Want a sentence spoken in a particular way with the right emphasis? Octave can emulate any emotions or styles you describe from “righteous indignation” to “hurried whispering.” See Acting Instructions.

Long-form versatility

Perfect for audiobooks, podcasts, or voiceover work, Octave preserves emotional consistency across chapters or scene changes—even when characters shift from joy to despair.

Developer tools REST API

A RESTful API that enables text-to-speech (TTS) integration with Octave.
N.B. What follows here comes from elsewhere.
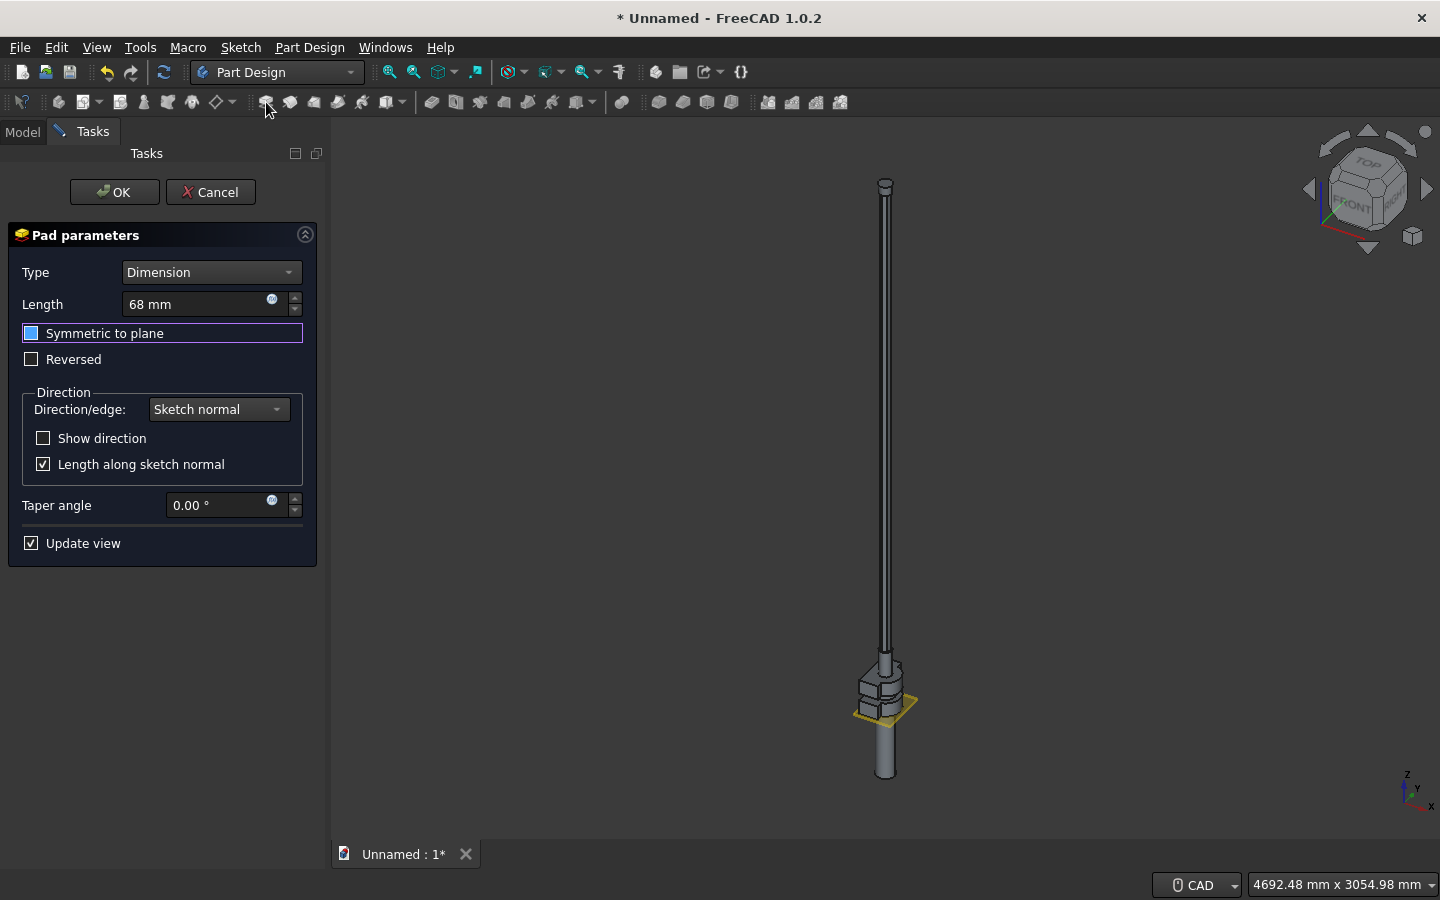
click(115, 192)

Use this API to synthesize speech, customize voice parameters, and create and store reusable voice profiles.

Python SDK

A wrapper for Octave’s TTS services that simplifies voice synthesis in Python applications.

TypeScript SDK

A strongly-typed library that streamlines Octave TTS integration in TypeScript and JavaScript applications.

CLI

A command-line tool that allows direct interaction with Octave’s TTS API, ideal for testing, automation, and rapid prototyping.

Open source examples

Example projects to serve as reference code to jump-start your development.

Quickstart

Accelerate your project setup with our comprehensive quickstart guides, designed to integrate Octave TTS into your TypeScript or Python applications. Each guide walks you through API integration and demonstrates text-to-speech synthesis, helping you get up and running quickly.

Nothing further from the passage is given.